Friday, March 5th, the new Tim Burton film Alice in Wonderland opened in the United States. Not an adaptation of the original book by Lewis Carroll, the Burton story occurs after the action in Alice’s Adventures in Wonderland (commonly known as Alice in Wonderland) and its sequel Through the Looking-Glass, and, What Alice Found There (shortened to Through the Looking-Glass):
In Burton’s story Alice returns to Wonderland to visit her friends and finds that they are all being terrorized by the Red Queen, and so she joins in their resistance. This isn’t the first time that Carroll’s books have been catalysts for fantastic stories.
Lewis Carroll is the pseudonym of Charles Lutwidge Dodgson, a mathematician at Christ Church (Cambridge), who also wrote many significant books on mathematics and mathematical logic [Ed. Note: see our post of 12 June 2009]. A lover of mental games, he invented early versions of Scrabble and Word Ladders. His inclusion of chess in his work reveals his interest in logic, games, and math. His brilliant use of symbolism, double entendre, hidden meanings, wordplay, and witticisms shine in the Alice books, as do his poems and songs. Martin Gardner, an authority on Lewis Carroll, looks at the puns, illusions, and puzzles within the Alice books in his Annotated Alice, and in two sequels that expanded Gardner’s annotations:
Carroll's personal copy of Alice sold at auction to an anonymous American buyer for $1.54 million in 1998 – the most expensive children’s book ever sold prior to J. K. Rowling’s The Tales of Beedle the Bard in 2007. Carroll's dedication copy (inscribed by Dodgson to Alice Liddell) of Alice’s Adventures Under Ground (a facsimile of the original manuscript version of the original title) sold for £157,250 at Sotheby's (London) in 2001.

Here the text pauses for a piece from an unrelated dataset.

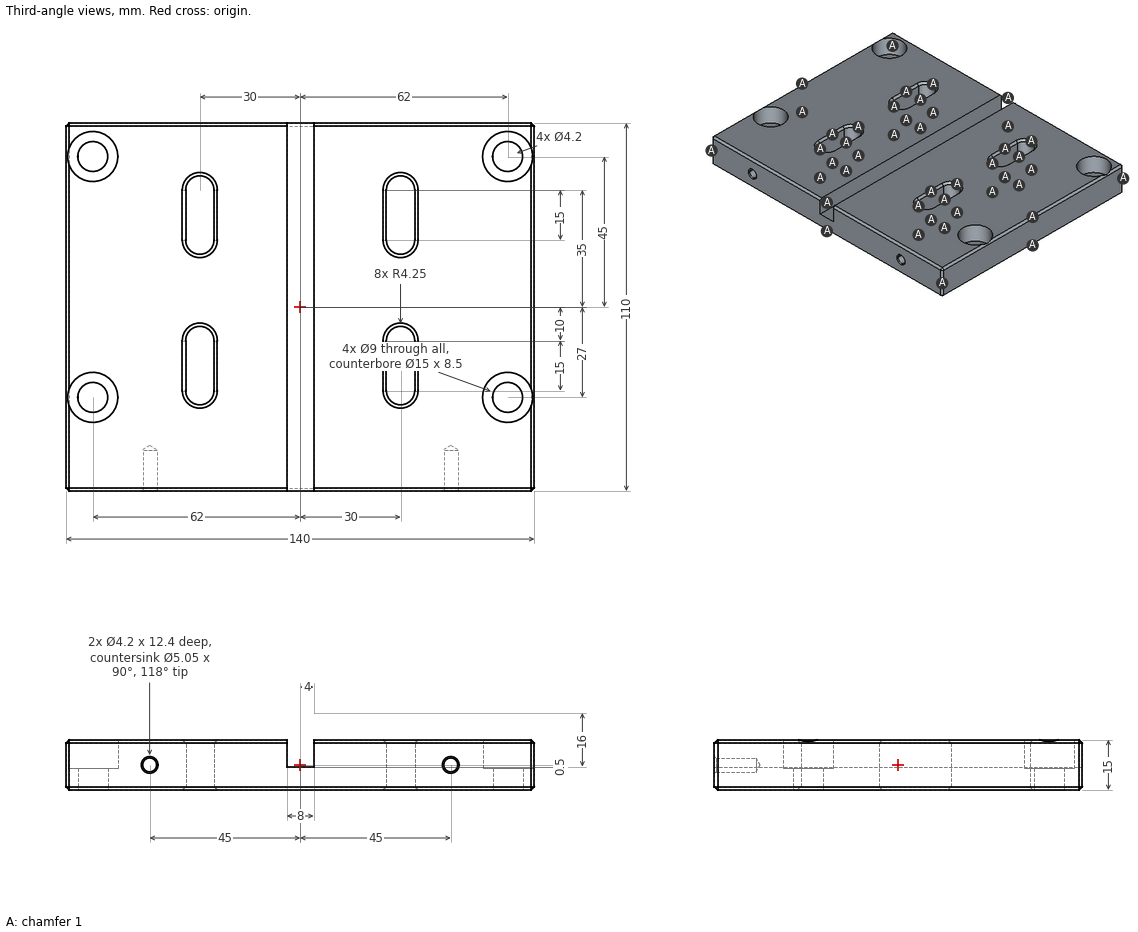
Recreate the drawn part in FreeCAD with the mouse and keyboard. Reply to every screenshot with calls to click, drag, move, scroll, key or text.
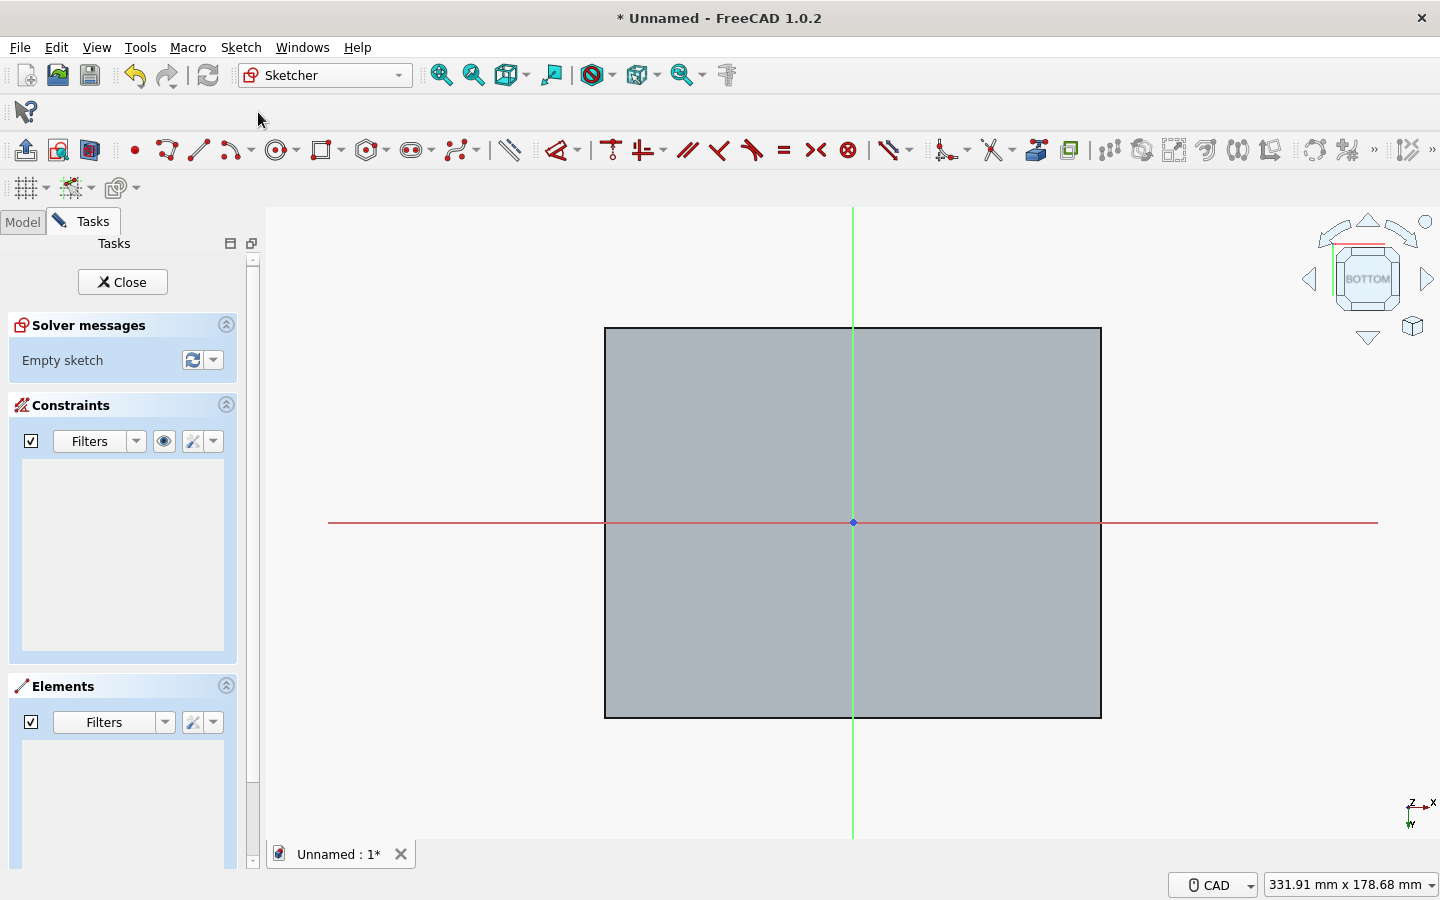
scroll(936, 562, up, 3)

The Alice books are considered seminal examples of the fantasy genre. To say they have been influential is a gross understatement. When it was published, with illustrations by John Tenniel, Alice’s Adventures in Wonderland was an immediate hit with both adults and children. The entire first run immediately sold out. Quirky, silly, and fun, it has never been out of print, and there have been hundreds of editions, as well as countless adaptations:
To collect all the Alice-influenced books would be a major endeavor. There was a primary wave of books which slackened after 1920, although it has never waned. Film, television, comics, anime, songs (think Jefferson Airplane’s White Rabbit or The Beatles I am the Walrus, for example) and several computer games are among many other Alice-influenced works. Terms from the book have entered the English language, such as “curiouser and curiouser,” “down the rabbit-hole”, and “off with her head!” to name but a few.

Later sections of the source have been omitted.